In Bunyan’s Pilgrim’s
Progress Christian walks through the Valley of Humiliation and there he
meets one of the deadliest foes on his journey, the monster Apollyon, which
means “destruction in Greek.” Apollyon is covered with scales like a fish, has
wings like a dragon and feet like a bear. He belches fire and smoke and his
mouth is like a lion’s. He confronts Christian with all his doubts and fears,
tells him he can never get away from the City of Destruction he’s running from.

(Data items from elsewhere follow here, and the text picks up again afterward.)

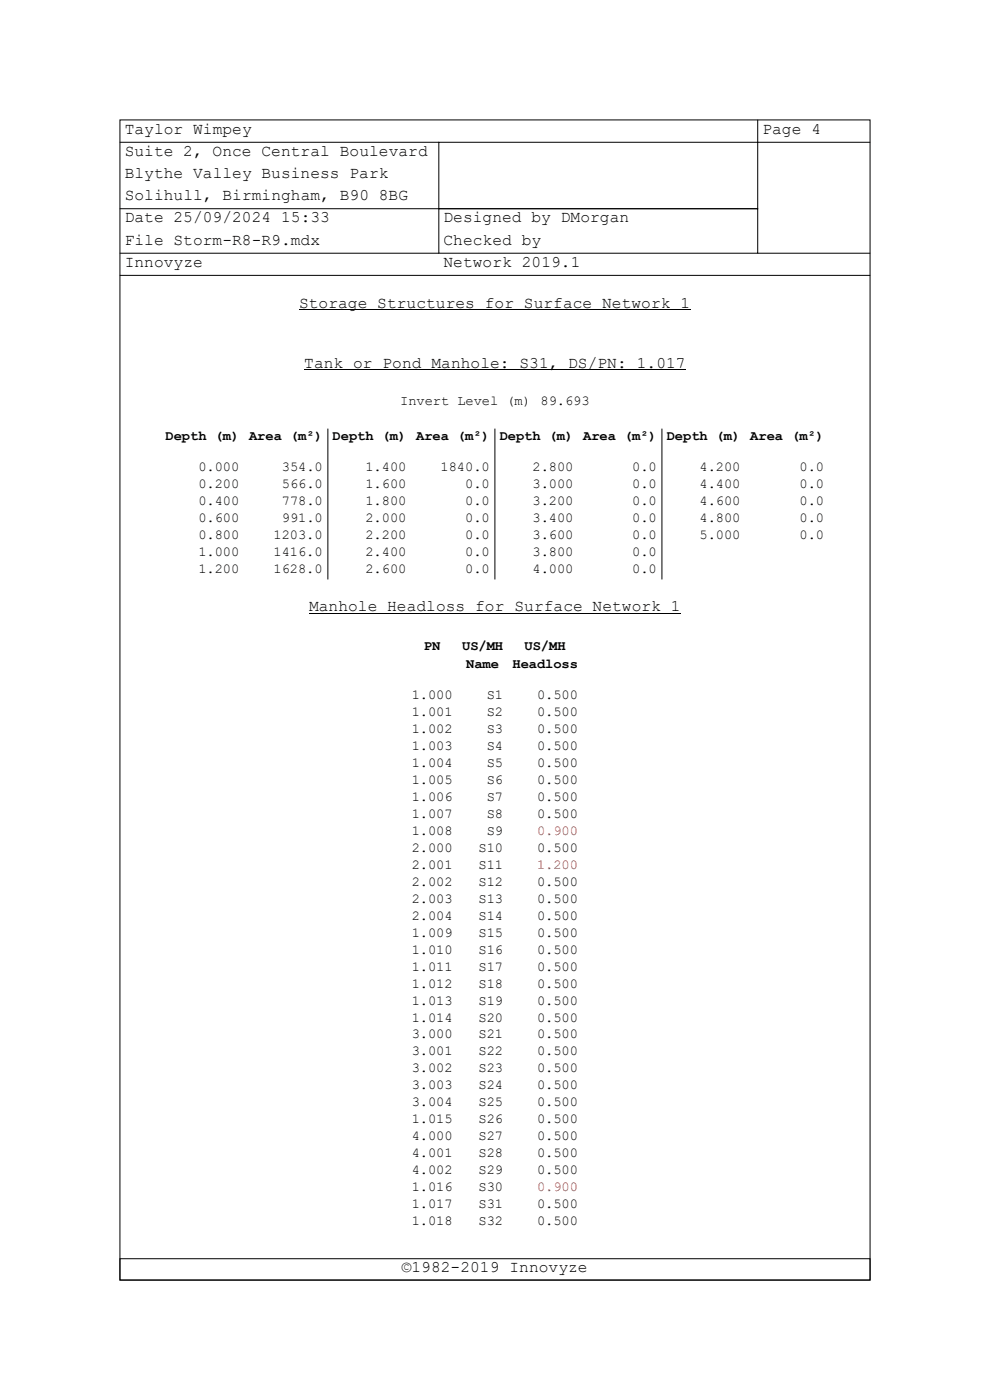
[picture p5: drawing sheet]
<svg xmlns="http://www.w3.org/2000/svg" width="210mm" height="297mm" viewBox="0 0 210 297" stroke-linecap="round" stroke-linejoin="round" font-family="sans-serif">
<defs><g id="words">
<g font-size="3.4">
<text x="26.5" y="28.3">Taylor Wimpey</text>
<text x="161.7" y="28.3">Page 4</text>
<text x="26.5" y="33.1">Suite 2, Once Central Boulevard</text>
<text x="26.5" y="37.8">Blythe Valley Business Park</text>
<text x="26.5" y="42.5">Solihull, Birmingham, B90 8BG</text>
<text x="26.5" y="47.2">Date 25/09/2024 15:33</text>
<text x="94.1" y="47.2">Designed by DMorgan</text>
<text x="26.5" y="51.9">File Storm-R8-R9.mdx</text>
<text x="94.1" y="51.9">Checked by</text>
<text x="26.5" y="56.6">Innovyze</text>
<text x="94.1" y="56.6">Network 2019.1</text>
<text x="63.5" y="65.3">Storage Structures for Surface Network 1</text>
<text x="64.6" y="78">Tank or Pond Manhole: S31, DS/PN: 1.017</text>
<text x="65.6" y="129.7">Manhole Headloss for Surface Network 1</text>
<text x="85.3" y="269.8">©1982-2019 Innovyze</text>
</g>
<g font-size="2.9">
<text x="84.9" y="86">Invert Level (m) 89.693</text>
<text x="35.1" y="93.3">Depth (m) Area (m²)</text>
<text x="70.6" y="93.3">Depth (m) Area (m²)</text>
<text x="106" y="93.3">Depth (m) Area (m²)</text>
<text x="141.4" y="93.3">Depth (m)</text>
<text x="159.2" y="93.3">Area (m²)</text>
<text x="42.1" y="100">0.000</text>
<text x="59.8" y="100">354.0</text>
<text x="77.5" y="100">1.400</text>
<text x="93.5" y="100">1840.0</text>
<text x="112.9" y="100">2.800</text>
<text x="134.1" y="100">0.0</text>
<text x="148.4" y="100">4.200</text>
<text x="169.6" y="100">0.0</text>
<text x="42.1" y="103.6">0.200</text>
<text x="42.1" y="107.2">0.400</text>
<text x="59.8" y="103.6">566.0</text>
<text x="59.8" y="107.2">778.0</text>
<text x="77.5" y="103.6">1.600</text>
<text x="77.5" y="107.2">1.800</text>
<text x="98.7" y="103.6">0.0</text>
<text x="98.7" y="107.2">0.0</text>
<text x="112.9" y="103.6">3.000</text>
<text x="112.9" y="107.2">3.200</text>
<text x="134.1" y="103.6">0.0</text>
<text x="134.1" y="107.2">0.0</text>
<text x="148.4" y="103.6">4.400</text>
<text x="148.4" y="107.2">4.600</text>
<text x="169.6" y="103.6">0.0</text>
<text x="169.6" y="107.2">0.0</text>
<text x="42.1" y="110.8">0.600</text>
<text x="59.8" y="110.8">991.0</text>
<text x="77.5" y="110.8">2.000</text>
<text x="98.7" y="110.8">0.0</text>
<text x="112.9" y="110.8">3.400</text>
<text x="134.1" y="110.8">0.0</text>
<text x="148.4" y="110.8">4.800</text>
<text x="169.6" y="110.8">0.0</text>
<text x="42.1" y="114.4">0.800</text>
<text x="42.1" y="118">1.000</text>
<text x="58" y="114.4">1203.0</text>
<text x="58" y="118">1416.0</text>
<text x="77.5" y="114.4">2.200</text>
<text x="77.5" y="118">2.400</text>
<text x="98.7" y="114.4">0.0</text>
<text x="98.7" y="118">0.0</text>
<text x="112.9" y="114.4">3.600</text>
<text x="112.9" y="118">3.800</text>
<text x="134.1" y="114.4">0.0</text>
<text x="134.1" y="118">0.0</text>
<text x="148.4" y="114.4">5.000</text>
<text x="169.6" y="114.4">0.0</text>
<text x="42.1" y="121.6">1.200</text>
<text x="58" y="121.6">1628.0</text>
<text x="77.5" y="121.6">2.600</text>
<text x="98.7" y="121.6">0.0</text>
<text x="112.9" y="121.6">4.000</text>
<text x="134.1" y="121.6">0.0</text>
<text x="89.9" y="137.8">PN</text>
<text x="98" y="137.8">US/MH</text>
<text x="111.3" y="137.8">US/MH</text>
<text x="98.9" y="141.6">Name</text>
<text x="108.7" y="141.6">Headloss</text>
<text x="87.3" y="148.3">1.000</text>
<text x="103.2" y="148.3">S1</text>
<text x="113.9" y="148.3">0.500</text>
<text x="87.3" y="151.9">1.001</text>
<text x="87.3" y="155.5">1.002</text>
<text x="103.2" y="151.9">S2</text>
<text x="103.2" y="155.5">S3</text>
<text x="113.9" y="151.9">0.500</text>
<text x="113.9" y="155.5">0.500</text>
<text x="87.3" y="159.1">1.003</text>
<text x="103.2" y="159.1">S4</text>
<text x="113.9" y="159.1">0.500</text>
<text x="87.3" y="162.7">1.004</text>
<text x="87.3" y="166.3">1.005</text>
<text x="103.2" y="162.7">S5</text>
<text x="103.2" y="166.3">S6</text>
<text x="113.9" y="162.7">0.500</text>
<text x="113.9" y="166.3">0.500</text>
<text x="87.3" y="169.9">1.006</text>
<text x="87.3" y="173.5">1.007</text>
<text x="103.2" y="169.9">S7</text>
<text x="103.2" y="173.5">S8</text>
<text x="113.9" y="169.9">0.500</text>
<text x="113.9" y="173.5">0.500</text>
<text x="87.3" y="177.1">1.008</text>
<text x="103.2" y="177.1">S9</text>
<text x="87.3" y="180.7">2.000</text>
<text x="87.3" y="184.3">2.001</text>
<text x="101.5" y="180.7">S10</text>
<text x="101.5" y="184.3">S11</text>
<text x="113.9" y="180.7">0.500</text>
<text x="87.3" y="187.9">2.002</text>
<text x="87.3" y="191.5">2.003</text>
<text x="101.5" y="187.9">S12</text>
<text x="101.5" y="191.5">S13</text>
<text x="113.9" y="187.9">0.500</text>
<text x="113.9" y="191.5">0.500</text>
<text x="87.3" y="195.1">2.004</text>
<text x="101.5" y="195.1">S14</text>
<text x="113.9" y="195.1">0.500</text>
<text x="87.3" y="198.7">1.009</text>
<text x="87.3" y="202.3">1.010</text>
<text x="101.5" y="198.7">S15</text>
<text x="101.5" y="202.3">S16</text>
<text x="113.9" y="198.7">0.500</text>
<text x="113.9" y="202.3">0.500</text>
<text x="87.3" y="205.9">1.011</text>
<text x="87.3" y="209.5">1.012</text>
<text x="101.5" y="205.9">S17</text>
<text x="101.5" y="209.5">S18</text>
<text x="113.9" y="205.9">0.500</text>
<text x="113.9" y="209.5">0.500</text>
<text x="87.3" y="213.1">1.013</text>
<text x="101.5" y="213.1">S19</text>
<text x="113.9" y="213.1">0.500</text>
<text x="87.3" y="216.7">1.014</text>
<text x="87.3" y="220.3">3.000</text>
<text x="101.5" y="216.7">S20</text>
<text x="101.5" y="220.3">S21</text>
<text x="113.9" y="216.7">0.500</text>
<text x="113.9" y="220.3">0.500</text>
<text x="87.3" y="223.9">3.001</text>
<text x="87.3" y="227.5">3.002</text>
<text x="101.5" y="223.9">S22</text>
<text x="101.5" y="227.5">S23</text>
<text x="113.9" y="223.9">0.500</text>
<text x="113.9" y="227.5">0.500</text>
<text x="87.3" y="231.1">3.003</text>
<text x="101.5" y="231.1">S24</text>
<text x="113.9" y="231.1">0.500</text>
<text x="87.3" y="234.7">3.004</text>
<text x="87.3" y="238.3">1.015</text>
<text x="101.5" y="234.7">S25</text>
<text x="101.5" y="238.3">S26</text>
<text x="113.9" y="234.7">0.500</text>
<text x="113.9" y="238.3">0.500</text>
<text x="87.3" y="241.9">4.000</text>
<text x="87.3" y="245.5">4.001</text>
<text x="101.5" y="241.9">S27</text>
<text x="101.5" y="245.5">S28</text>
<text x="113.9" y="241.9">0.500</text>
<text x="113.9" y="245.5">0.500</text>
<text x="87.3" y="249.1">4.002</text>
<text x="101.5" y="249.1">S29</text>
<text x="113.9" y="249.1">0.500</text>
<text x="87.3" y="252.7">1.016</text>
<text x="87.3" y="256.3">1.017</text>
<text x="101.5" y="252.7">S30</text>
<text x="101.5" y="256.3">S31</text>
<text x="113.9" y="256.3">0.500</text>
<text x="87.3" y="259.9">1.018</text>
<text x="101.5" y="259.9">S32</text>
<text x="113.9" y="259.9">0.500</text>
</g>
<g font-size="2.9" fill="#f00">
<text x="113.9" y="177.1">0.900</text>
<text x="113.9" y="184.3">1.200</text>
<text x="113.9" y="252.7">0.900</text>
</g>
</g></defs>
<g fill="none" stroke="#000" stroke-width=".21">
<path d="M25.4 30.2h67.7M25.4 25.4h159.2v246.2h-159.2zM93.1 30.2h67.6v14.1h-67.6zM160.7 30.2h23.9M160.7 25.4v4.8M25.4 44.3h67.7M25.4 53.7h67.7M25.4 58.4h159.2M93.1 44.3h67.6v9.4h-67.6zM160.7 53.7h23.9M63.5 65.7h82.9M64.6 78.4h80.8"/>
<path d="M69.5 90.9v32M105 90.9v32M140.4 90.9v32M65.6 130.1h78.8M25.4 267h159.2v4.6h-159.2z"/>
</g>
<use href="#words"/>
</svg>

He reminds Christian how often he has failed and sinned and makes him doubt,
makes him wonder whether he can really trust his Lord to save him. In the end,
Apollyon closes on him to wrestle and gives “him a dreadful fall” and knocks
his sword flying out of his hand.
That’s when Christian reaches
out his hand, catches his sword, gets up and quotes Micah 7:8, “Rejoice not
against me, O mine enemy: when I fall, I shall arise.” Jesus asked Martha and
He asks every Christian to believe this verse. We may fall, whether it’s into
sin or into death, but He will raise us up again.
The rest of verse 8
says, “when I sit in darkness, the Lord will be a light to me.” Life can look
awful bleak. We can go around like Diogenes with his lamp trying to find a
little light, trying to find someone worth trusting. But our Lord comes to us
and raises us up and says, “Trust in me.”
Please don’t get the
wrong idea about all this. Despite the fact Micah is completely pessimistic and
cynical about the people around him; despite the way he seems to picture
himself all alone looking to the Lord in verse 7, these last few verses about
God bringing victory to the one who trusts in Him are not about a private,
individual salvation.
The one speaking in
verses 8 to 10 is not Micah talking for himself. The one who says, “Do not
rejoice over me my enemy,” is a she. In Hebrew in verse 10 when her foes
talk back to her they use a feminine possessive pronoun. Micah is speaking with
the voice of Zion, of Jerusalem, where all God’s faithful people live in joy
and peace. He’s speaking for that holy city we saw with John in Revelation 21
today, the new Jerusalem where God dwells with His people and wipes away their
tears and takes away death and sorrow and crying.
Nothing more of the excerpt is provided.